WORK INSTRUCTIONS: The response should hold every record from the listing that follows, verbatim, and no pictures.

-=-=-

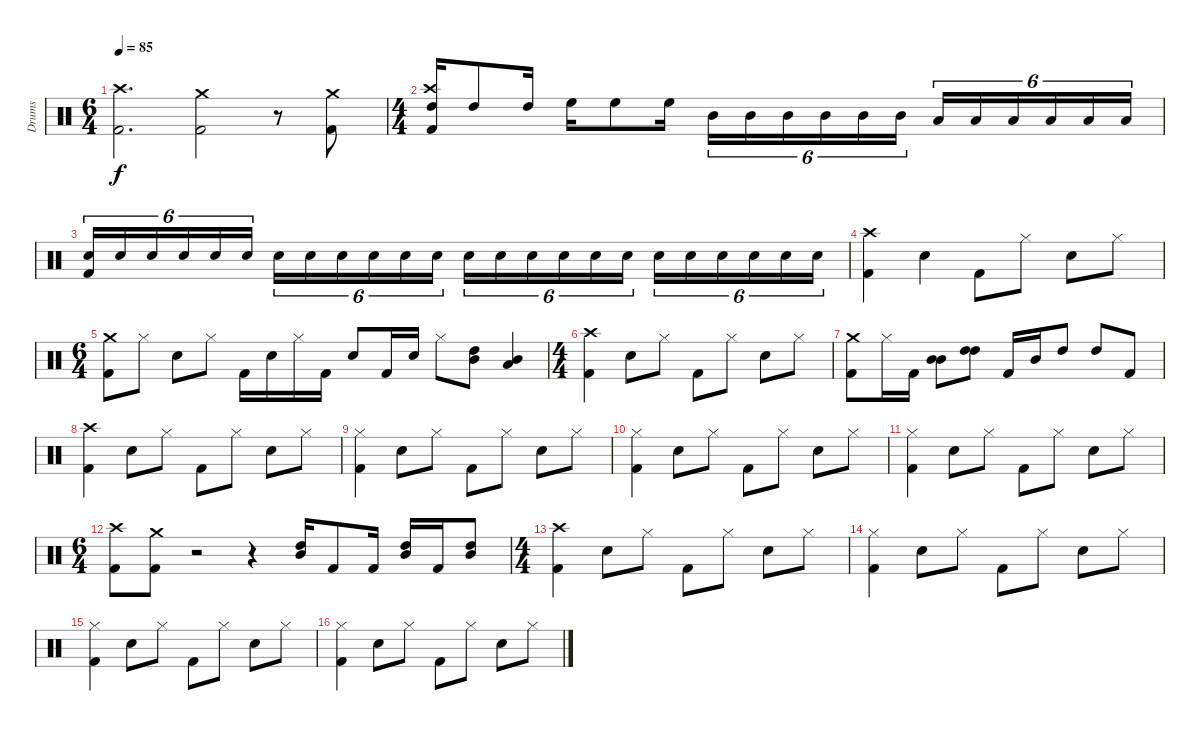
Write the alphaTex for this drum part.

\track ("Drums" "Drums") {instrument percussion}
\staff {score}
\articulation defaults
\ts (6 4)
\tempo 85
\clef neutral
\ks c
("Kick (hit) 2" "Crash high (hit)").2{d dy f} ("Kick (hit) 2" "Crash medium (hit)").2 r.8 ("Kick (hit) 2" "Crash medium (hit)").8 |
\ts (4 4)
("Kick (hit) 2" "High Tom (hit)" "Crash high (hit)").16 "High Tom (hit)".8 "High Tom (hit)".16 "High Floor Tom (hit)".16 "High Floor Tom (hit)".8 "High Floor Tom (hit)".16 "Mid Tom (hit)".16{tu (6 4)} "Mid Tom (hit)".16{tu (6 4)} "Mid Tom (hit)".16{tu (6 4)} "Mid Tom (hit)".16{tu (6 4)} "Mid Tom (hit)".16{tu (6 4)} "Mid Tom (hit)".16{tu (6 4)} "Low Tom (hit)".16{tu (6 4)} "Low Tom (hit)".16{tu (6 4)} "Low Tom (hit)".16{tu (6 4)} "Low Tom (hit)".16{tu (6 4)} "Low Tom (hit)".16{tu (6 4)} "Low Tom (hit)".16{tu (6 4)} |
("Kick (hit) 2" "Snare (hit) 2").16{tu (6 4)} "Snare (hit) 2".16{tu (6 4)} "Snare (hit) 2".16{tu (6 4)} "Snare (hit) 2".16{tu (6 4)} "Snare (hit) 2".16{tu (6 4)} "Snare (hit) 2".16{tu (6 4)} "Snare (hit) 2".16{tu (6 4)} "Snare (hit) 2".16{tu (6 4)} "Snare (hit) 2".16{tu (6 4)} "Snare (hit) 2".16{tu (6 4)} "Snare (hit) 2".16{tu (6 4)} "Snare (hit) 2".16{tu (6 4)} "Snare (hit) 2".16{tu (6 4)} "Snare (hit) 2".16{tu (6 4)} "Snare (hit) 2".16{tu (6 4)} "Snare (hit) 2".16{tu (6 4)} "Snare (hit) 2".16{tu (6 4)} "Snare (hit) 2".16{tu (6 4)} "Snare (hit) 2".16{tu (6 4)} "Snare (hit) 2".16{tu (6 4)} "Snare (hit) 2".16{tu (6 4)} "Snare (hit) 2".16{tu (6 4)} "Snare (hit) 2".16{tu (6 4)} "Snare (hit) 2".16{tu (6 4)} |
("Kick (hit) 2" "Crash high (hit)").4 "Snare (hit) 2".4 "Kick (hit) 2".8 "Hi-Hat (closed)".8 "Snare (hit) 2".8 "Hi-Hat (closed)".8 |
\ts (6 4)
("Kick (hit) 2" "Crash medium (hit)").8 "Hi-Hat (closed)".8 "Snare (hit) 2".8 "Hi-Hat (closed)".8 "Kick (hit) 2".16 "Snare (hit) 2".16 "Hi-Hat (closed)".16 "Kick (hit) 2".16 "Snare (hit) 2".8 "Kick (hit) 2".16 "Snare (hit) 2".16 "Hi-Hat (closed)".8 ("Mid Tom (hit)" "High Tom (hit)").8 ("Low Tom (hit)" "Mid Tom (hit)").4 |
\ts (4 4)
("Kick (hit) 2" "Crash high (hit)").4 "Snare (hit) 2".8 "Hi-Hat (closed)".8 "Kick (hit) 2".8 "Hi-Hat (closed)".8 "Snare (hit) 2".8 "Hi-Hat (closed)".8 |
("Kick (hit) 2" "Crash medium (hit)").8 "Hi-Hat (closed)".16 "Kick (hit) 2".16 ("Mid Tom (hit)" "Mid Tom (hit)").8 ("High Tom (hit)" "High Tom (hit)").8 "Kick (hit) 2".16 "Mid Tom (hit)".16 "High Tom (hit)".8 "High Tom (hit)".8 "Kick (hit) 2".8 |
("Kick (hit) 2" "Crash high (hit)").4 "Snare (hit) 2".8 "Hi-Hat (closed)".8 "Kick (hit) 2".8 "Hi-Hat (closed)".8 "Snare (hit) 2".8 "Hi-Hat (closed)".8 |
("Kick (hit) 2" "Hi-Hat (closed)").4 "Snare (hit) 2".8 "Hi-Hat (closed)".8 "Kick (hit) 2".8 "Hi-Hat (closed)".8 "Snare (hit) 2".8 "Hi-Hat (closed)".8 |
("Kick (hit) 2" "Hi-Hat (closed)").4 "Snare (hit) 2".8 "Hi-Hat (closed)".8 "Kick (hit) 2".8 "Hi-Hat (closed)".8 "Snare (hit) 2".8 "Hi-Hat (closed)".8 |
("Kick (hit) 2" "Hi-Hat (closed)").4 "Snare (hit) 2".8 "Hi-Hat (closed)".8 "Kick (hit) 2".8 "Hi-Hat (closed)".8 "Snare (hit) 2".8 "Hi-Hat (closed)".8 |
\ts (6 4)
("Kick (hit) 2" "Crash high (hit)").8 ("Kick (hit) 2" "Crash medium (hit)").8 r.2 r.4 ("Mid Tom (hit)" "High Tom (hit)").16 "Kick (hit) 2".8 "Kick (hit) 2".16 ("Mid Tom (hit)" "High Tom (hit)").16 "Kick (hit) 2".16 ("Mid Tom (hit)" "High Tom (hit)").8 |
\ts (4 4)
("Kick (hit) 2" "Crash high (hit)").4 "Snare (hit) 2".8 "Hi-Hat (closed)".8 "Kick (hit) 2".8 "Hi-Hat (closed)".8 "Snare (hit) 2".8 "Hi-Hat (closed)".8 |
("Kick (hit) 2" "Hi-Hat (closed)").4 "Snare (hit) 2".8 "Hi-Hat (closed)".8 "Kick (hit) 2".8 "Hi-Hat (closed)".8 "Snare (hit) 2".8 "Hi-Hat (closed)".8 |
("Kick (hit) 2" "Hi-Hat (closed)").4 "Snare (hit) 2".8 "Hi-Hat (closed)".8 "Kick (hit) 2".8 "Hi-Hat (closed)".8 "Snare (hit) 2".8 "Hi-Hat (closed)".8 |
("Kick (hit) 2" "Hi-Hat (closed)").4 "Snare (hit) 2".8 "Hi-Hat (closed)".8 "Kick (hit) 2".8 "Hi-Hat (closed)".8 "Snare (hit) 2".8 "Hi-Hat (closed)".8

-=-=-

ANSWER AREA:
Write the alphaTex for this drum part.

\track ("Drums" "Drums") {instrument percussion}
\staff {score}
\articulation defaults
\ts (6 4)
\tempo 85
\clef neutral
\ks c
("Kick (hit) 2" "Crash high (hit)").2{d dy f} ("Kick (hit) 2" "Crash medium (hit)").2 r.8 ("Kick (hit) 2" "Crash medium (hit)").8 |
\ts (4 4)
("Kick (hit) 2" "High Tom (hit)" "Crash high (hit)").16 "High Tom (hit)".8 "High Tom (hit)".16 "High Floor Tom (hit)".16 "High Floor Tom (hit)".8 "High Floor Tom (hit)".16 "Mid Tom (hit)".16{tu (6 4)} "Mid Tom (hit)".16{tu (6 4)} "Mid Tom (hit)".16{tu (6 4)} "Mid Tom (hit)".16{tu (6 4)} "Mid Tom (hit)".16{tu (6 4)} "Mid Tom (hit)".16{tu (6 4)} "Low Tom (hit)".16{tu (6 4)} "Low Tom (hit)".16{tu (6 4)} "Low Tom (hit)".16{tu (6 4)} "Low Tom (hit)".16{tu (6 4)} "Low Tom (hit)".16{tu (6 4)} "Low Tom (hit)".16{tu (6 4)} |
("Kick (hit) 2" "Snare (hit) 2").16{tu (6 4)} "Snare (hit) 2".16{tu (6 4)} "Snare (hit) 2".16{tu (6 4)} "Snare (hit) 2".16{tu (6 4)} "Snare (hit) 2".16{tu (6 4)} "Snare (hit) 2".16{tu (6 4)} "Snare (hit) 2".16{tu (6 4)} "Snare (hit) 2".16{tu (6 4)} "Snare (hit) 2".16{tu (6 4)} "Snare (hit) 2".16{tu (6 4)} "Snare (hit) 2".16{tu (6 4)} "Snare (hit) 2".16{tu (6 4)} "Snare (hit) 2".16{tu (6 4)} "Snare (hit) 2".16{tu (6 4)} "Snare (hit) 2".16{tu (6 4)} "Snare (hit) 2".16{tu (6 4)} "Snare (hit) 2".16{tu (6 4)} "Snare (hit) 2".16{tu (6 4)} "Snare (hit) 2".16{tu (6 4)} "Snare (hit) 2".16{tu (6 4)} "Snare (hit) 2".16{tu (6 4)} "Snare (hit) 2".16{tu (6 4)} "Snare (hit) 2".16{tu (6 4)} "Snare (hit) 2".16{tu (6 4)} |
("Kick (hit) 2" "Crash high (hit)").4 "Snare (hit) 2".4 "Kick (hit) 2".8 "Hi-Hat (closed)".8 "Snare (hit) 2".8 "Hi-Hat (closed)".8 |
\ts (6 4)
("Kick (hit) 2" "Crash medium (hit)").8 "Hi-Hat (closed)".8 "Snare (hit) 2".8 "Hi-Hat (closed)".8 "Kick (hit) 2".16 "Snare (hit) 2".16 "Hi-Hat (closed)".16 "Kick (hit) 2".16 "Snare (hit) 2".8 "Kick (hit) 2".16 "Snare (hit) 2".16 "Hi-Hat (closed)".8 ("Mid Tom (hit)" "High Tom (hit)").8 ("Low Tom (hit)" "Mid Tom (hit)").4 |
\ts (4 4)
("Kick (hit) 2" "Crash high (hit)").4 "Snare (hit) 2".8 "Hi-Hat (closed)".8 "Kick (hit) 2".8 "Hi-Hat (closed)".8 "Snare (hit) 2".8 "Hi-Hat (closed)".8 |
("Kick (hit) 2" "Crash medium (hit)").8 "Hi-Hat (closed)".16 "Kick (hit) 2".16 ("Mid Tom (hit)" "Mid Tom (hit)").8 ("High Tom (hit)" "High Tom (hit)").8 "Kick (hit) 2".16 "Mid Tom (hit)".16 "High Tom (hit)".8 "High Tom (hit)".8 "Kick (hit) 2".8 |
("Kick (hit) 2" "Crash high (hit)").4 "Snare (hit) 2".8 "Hi-Hat (closed)".8 "Kick (hit) 2".8 "Hi-Hat (closed)".8 "Snare (hit) 2".8 "Hi-Hat (closed)".8 |
("Kick (hit) 2" "Hi-Hat (closed)").4 "Snare (hit) 2".8 "Hi-Hat (closed)".8 "Kick (hit) 2".8 "Hi-Hat (closed)".8 "Snare (hit) 2".8 "Hi-Hat (closed)".8 |
("Kick (hit) 2" "Hi-Hat (closed)").4 "Snare (hit) 2".8 "Hi-Hat (closed)".8 "Kick (hit) 2".8 "Hi-Hat (closed)".8 "Snare (hit) 2".8 "Hi-Hat (closed)".8 |
("Kick (hit) 2" "Hi-Hat (closed)").4 "Snare (hit) 2".8 "Hi-Hat (closed)".8 "Kick (hit) 2".8 "Hi-Hat (closed)".8 "Snare (hit) 2".8 "Hi-Hat (closed)".8 |
\ts (6 4)
("Kick (hit) 2" "Crash high (hit)").8 ("Kick (hit) 2" "Crash medium (hit)").8 r.2 r.4 ("Mid Tom (hit)" "High Tom (hit)").16 "Kick (hit) 2".8 "Kick (hit) 2".16 ("Mid Tom (hit)" "High Tom (hit)").16 "Kick (hit) 2".16 ("Mid Tom (hit)" "High Tom (hit)").8 |
\ts (4 4)
("Kick (hit) 2" "Crash high (hit)").4 "Snare (hit) 2".8 "Hi-Hat (closed)".8 "Kick (hit) 2".8 "Hi-Hat (closed)".8 "Snare (hit) 2".8 "Hi-Hat (closed)".8 |
("Kick (hit) 2" "Hi-Hat (closed)").4 "Snare (hit) 2".8 "Hi-Hat (closed)".8 "Kick (hit) 2".8 "Hi-Hat (closed)".8 "Snare (hit) 2".8 "Hi-Hat (closed)".8 |
("Kick (hit) 2" "Hi-Hat (closed)").4 "Snare (hit) 2".8 "Hi-Hat (closed)".8 "Kick (hit) 2".8 "Hi-Hat (closed)".8 "Snare (hit) 2".8 "Hi-Hat (closed)".8 |
("Kick (hit) 2" "Hi-Hat (closed)").4 "Snare (hit) 2".8 "Hi-Hat (closed)".8 "Kick (hit) 2".8 "Hi-Hat (closed)".8 "Snare (hit) 2".8 "Hi-Hat (closed)".8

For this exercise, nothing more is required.